I don't think I explained that clearly enough, given your comments below.
Under normal (product use) circumstances, the Reiser4 filesystem in
question is *never* mounted read-write. It's intended as a base
"firmware" layer for our embedded Linux thin client appliance, and on
top of that we have a persistent writeable middle layer (an ext3
filesystem) and a non-persistent tmpfs top layer, amalgamated via AUFS
into a root filesystem. Changes occur in the top layer, so that in the
event of sudden power loss the system will always reset to a known good
state (base layer + middle layer + empty top layer, changes since last
reboot lost). During a graceful shutdown, top layer changes are
*selectively* committed to the middle layer in a *brief* write burst,
minimising writes to what is likely to be flash storage (the majority of
our customers use Raspberry Pi hardware with SD cards as storage) and
also minimising the potential-for-data -loss window (further mitigated
by ext3 journaling). If something goes wrong, the user has the option
of reinitializing the midlayer (and the top layer also, of course) to
effect a reset to "factory defaults". At no time, other than during the
development process, is the Resier4 base layer ever updated.

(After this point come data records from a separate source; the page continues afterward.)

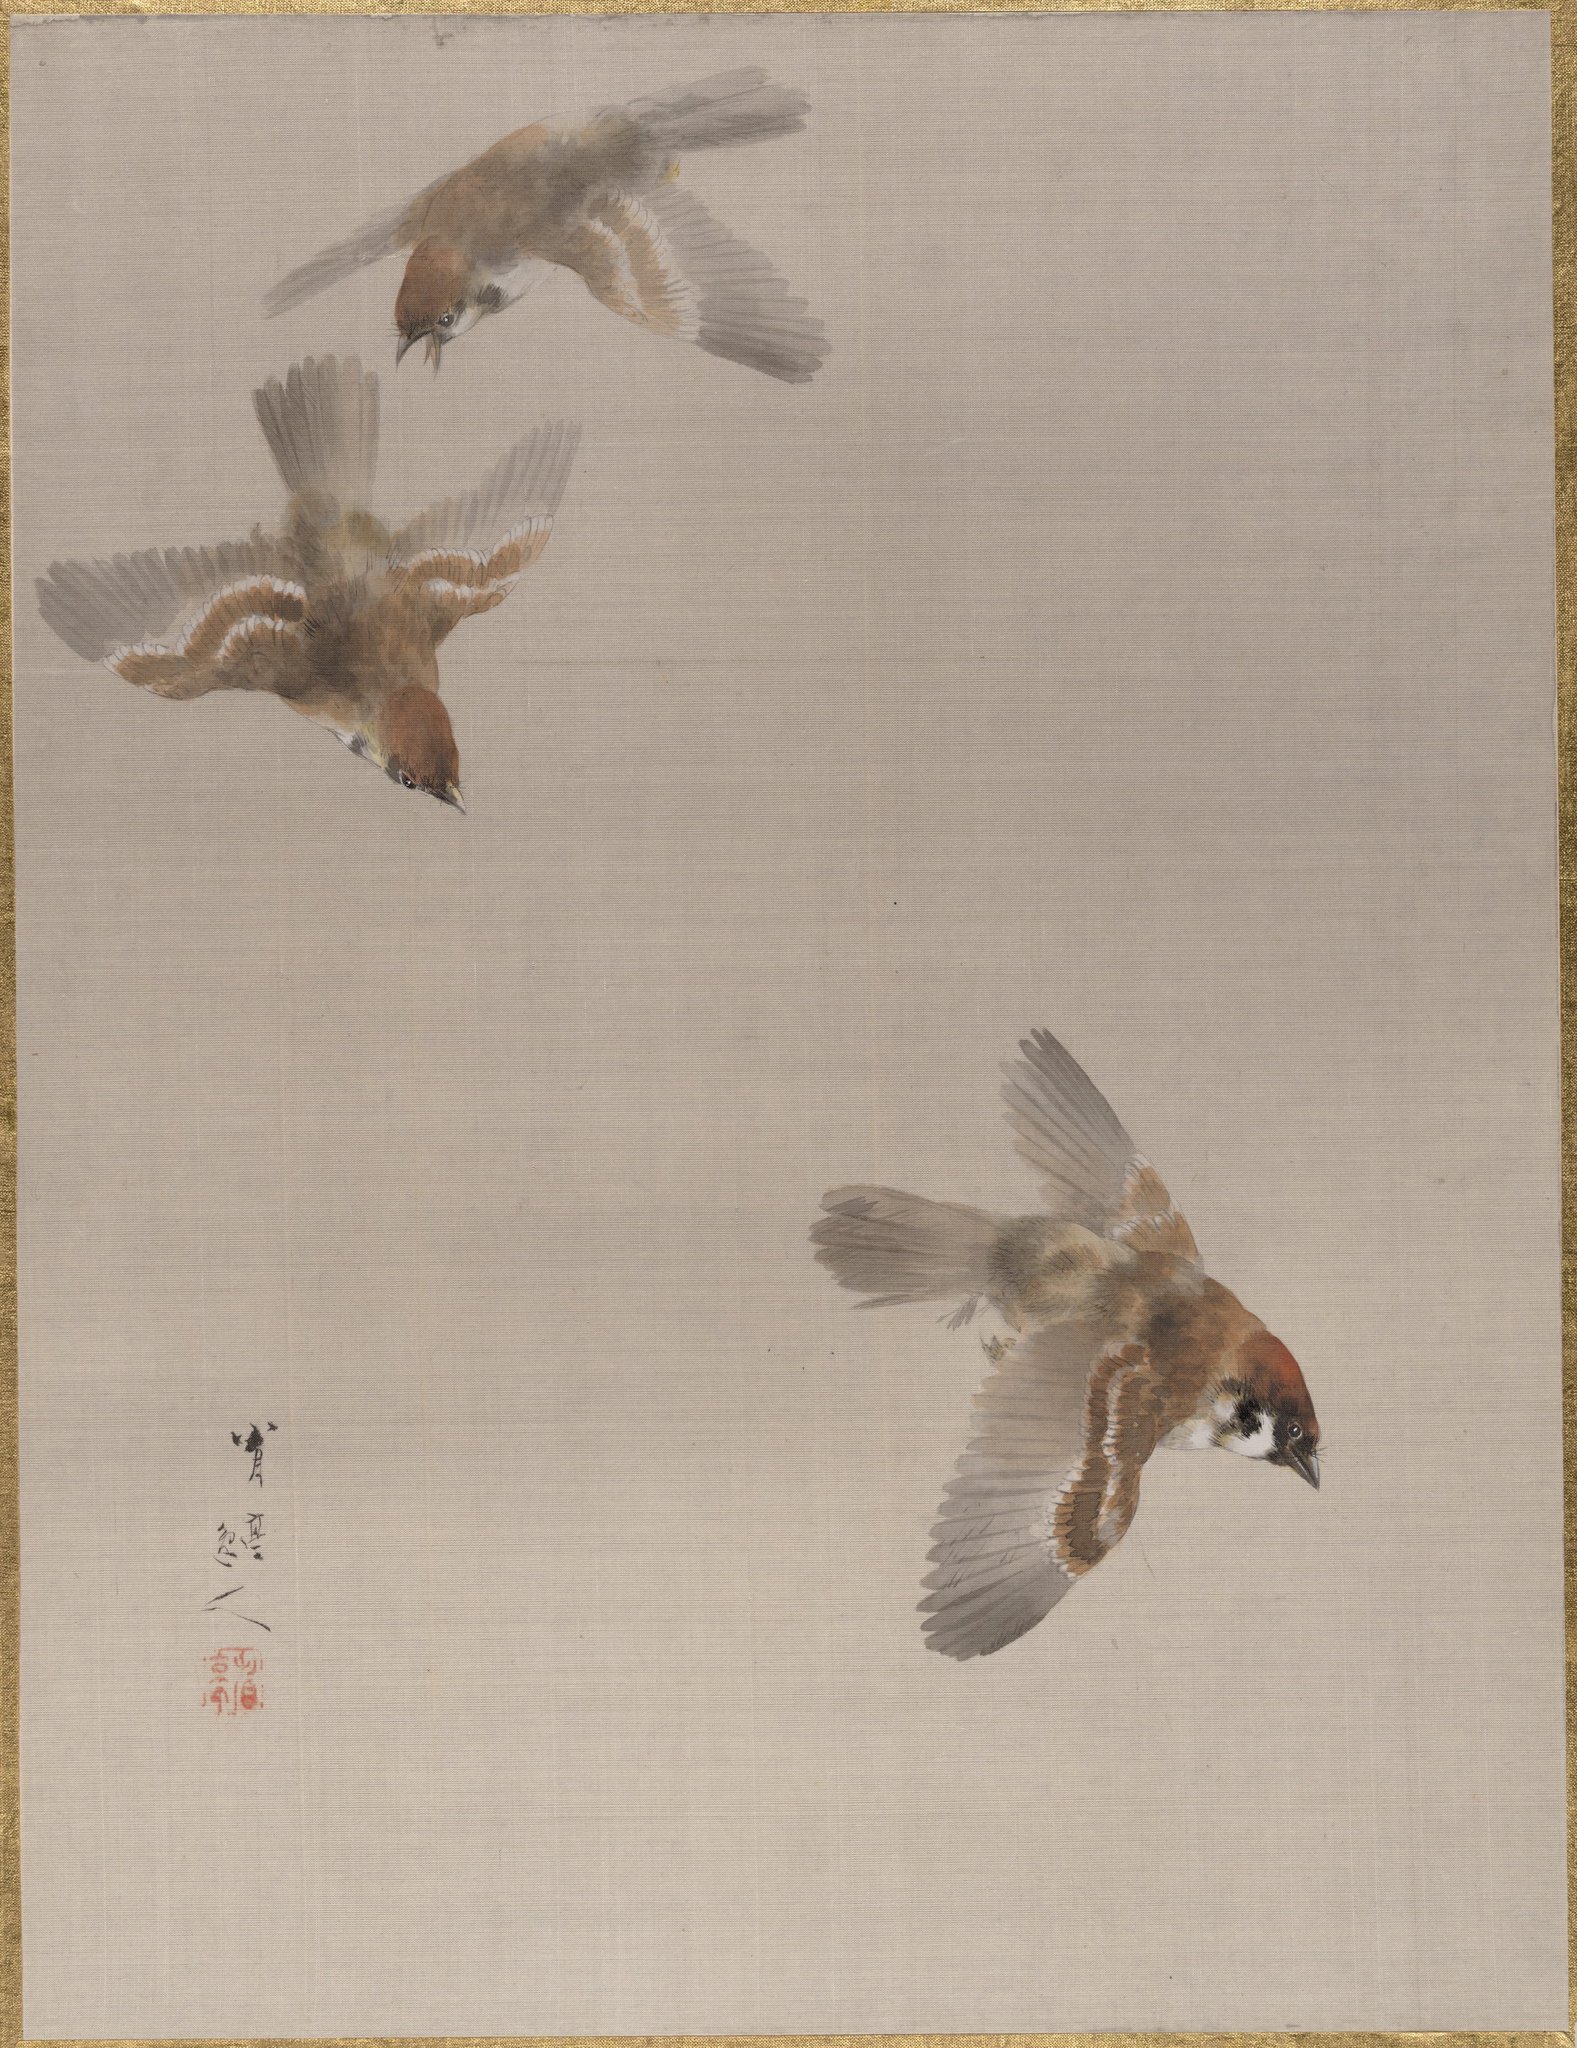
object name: album leaf
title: Sparrows Flying
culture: japanese
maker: watanabe seitei
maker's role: artist
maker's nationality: japanese
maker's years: 1851-1918
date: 1887
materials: ink, silk
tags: birds

You're probably wondering why we are even interested in Reiser4 for such
a use case, since we're failing to make much use of the vast majority of
its features. The answer is, we need (i) compression, (ii) support for
volume labels and UUIDs, (iii) something that works under AUFS, and (iv)
for our own convenience, preferably something writeable (it is extremely
inconvenient to have to recreate an entire filesystem to test a trivial
change!). Ext2/3/4 - which we used to use - fails (i), SquashFS fails
(ii) and (iv), Btrfs fails (iii). Reiser4 ticks all boxes. The only
other thing that satisfied all these requirements was E2compr[.sf.net],
and it is 99% dead.
Unless I'm missing something, Reiser4 doesn't provide any mount
option that would permit safe operation in the above use cases. Btrfs
provides a "norecovery" a.k.a. "nologreplay" option that allows
suppression of transaction log replay in situations in which the
integrity of the filesystem is already guaranteed.

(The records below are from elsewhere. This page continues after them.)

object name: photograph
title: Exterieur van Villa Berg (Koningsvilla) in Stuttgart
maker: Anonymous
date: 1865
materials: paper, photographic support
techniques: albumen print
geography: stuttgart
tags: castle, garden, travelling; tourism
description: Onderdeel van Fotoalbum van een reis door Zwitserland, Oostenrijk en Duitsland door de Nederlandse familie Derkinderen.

What are you going to do in cases when the integrity is not guaranteed
without log replay?
That situation shouldn't ever arise. If it does, the fault is mine and
not Reiser4's.
Is it possible to add a comparable mount option in Reiser4? It seems
to me that read-only should mean **read only**!

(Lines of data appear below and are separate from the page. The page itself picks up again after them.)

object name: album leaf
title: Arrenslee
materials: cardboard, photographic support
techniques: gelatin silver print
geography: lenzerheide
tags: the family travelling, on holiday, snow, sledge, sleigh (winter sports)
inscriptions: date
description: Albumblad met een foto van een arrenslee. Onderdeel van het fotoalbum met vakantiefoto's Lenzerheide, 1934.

Yeah, it is possible. Reiser4 does not distinguish between critical and
non-critical logs though. However, it is possible to use a
"write-anywhere" transaction mode (mount option "txmod=wa"), in which
only
system blocks are logged. So that *all* logs are critical and you can
not simply ignore them without breaking consistency. Again, here is an
interesting question: what to do with not cleanly unmounted volumes,
specifically, if there are logs to replay? Refuse to mount? Are such
failures acceptable for you?
Absolutely. That should never occur at any time - if it does, it's
because I've misunderstood something about how Resier4 works.